Pero hay más en este diario, están los amigos, el paso del tiempo, las estaciones, las distintas luces del cielo, los paseos a solas… En este tomo, el autor está preocupado por lo que debe contar en sus páginas y cómo hacerlo, hay un a modo de crisis. Recibe consejos de cómo pulir sus textos, los busca en otros autores. Cita a Blanchot: «El interés del diario reside en su insignificancia. Esa es su inclinación, su ley. Escribir cada día con la garantía de ese día y para recordarlo, es una manera cómoda de escapar tanto al silencio como a lo que hay de extremo en la palabra. Cada día nos dice algo. (…)»

Hay citas todo el tiempo, casi siempre de fragmentos de poemas. A veces parece que Fierro escribe para colocarlas, para compartir sus lecturas. “Las citas llenan mis días y mi escritura de la vida de los otros, y le dan cierto lustre, a veces casi fulgor.” La poesía es esencial en la vida que muestra el autor. “La poesía es buena porque ejercita músculos que se usan poco. Expande los sentidos y los mantiene en condiciones óptimas. Conserva la conciencia de la nariz, el ojo, la oreja, la lengua y la mano. Y sobre todo, la poesía es metáfora o símil condensado. Como las flores de papel japonesas a veces las metáforas se abren a formas gigantescas…”. Alguna vez incluye algún poemita propio: “Entre dos luces, / el arroyo del tiempo, / la vida a medias.”

El último elemento fundamental de este diario, de los diarios de Avelino Fierro, es el dibujo. El autor no solo brega con el día a día utilizando palabras, también, de vez en cuando, regala a sus lectores estampas de detalles que ve y plasma con exquisita delicadeza.

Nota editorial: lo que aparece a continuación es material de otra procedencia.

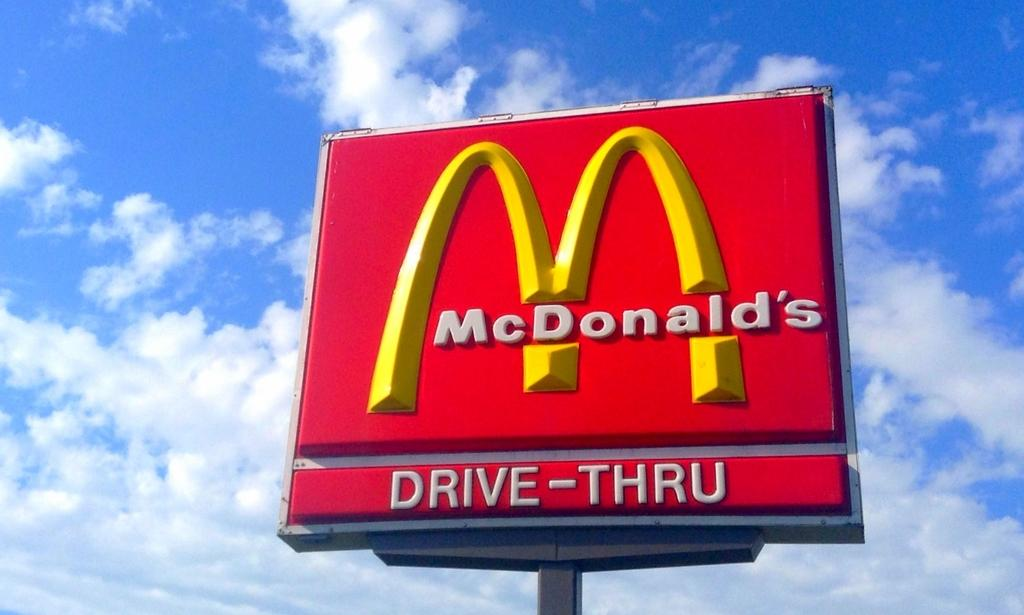<image>
Write a terse but informative summary of the picture. A McDonald's sign indicates that the restaurant has a Drive-Thru.

Con las letras a veces teoriza o recoge teorías sobre lo plástico, con su plumilla despliega sus aptitudes y propone que el lector se dedique por un instante a la contemplación. Hay un precedente de peso en esta doble faceta de diarista dibujante, Ramón Gaya (que fue además un grandísimo pintor), y que por supuesto aparece citado varias veces.

¿Se escribe un diario para contar quién es uno? ¿Quién es para los demás? Quizá no haya grandes secretos en ‘La vida a medias’, pero sí hay intimidades, pequeñas desgracias narradas con humor. Fierro se mira en otros diaristas: Mann, Pessoa, Pla, Gil de Biedma, Piglia, García Martín y Trapiello… Son textos absolutamente dispares. “Ahora que he comenzado a leer los diarios de Renzi, el tomo segundo, pienso levemente, sin demasiada concentración ni insistencia, en las características del género. Ya ven que lo expreso así, distante, disimulando, embozado, acobardado, porque en el fondo lo que hago es preguntarme a mí mismo por mi escritura y por mi actitud, por si debo decir esto o lo otro y –lo que es fundamental– por si merece la pena seguir escribiendo.”

(…)

“Sí, anotar en un cuaderno la vida, toda la vida, para que lo lea una mujer. Una lectora atenta, que se horrorice o se fascine; puede que con eso sea suficiente.”

Portada del libro.

  1. Felicidades por el blog. Hablando de diario no sé si conocías “Diario de un papá filósofo”. https://ernestocapuani.wordpress.com/2018/06/04/del-libro-diario-de-un-papa-filosofo-os-dejo-esta-reflexion/

  2. José Luis Avello Álvarez

    Me ha satisfecho leer a Luis Marigómez: porque coincido con él. Avelino Fierro nos regala su universo e incluso nos introduce en él. Salimos del anonimato para descubrirnos en un mundo ajeno al nuestro. Nos hace repasar escenas, olores, incluso nos extiende su pantón de colores… y, a veces, nos recobra las mismas imágenes que alguna vez también hemos percibido. Nos da su universo y nos ayuda a fijar y recordar el nuestro, aún inédito.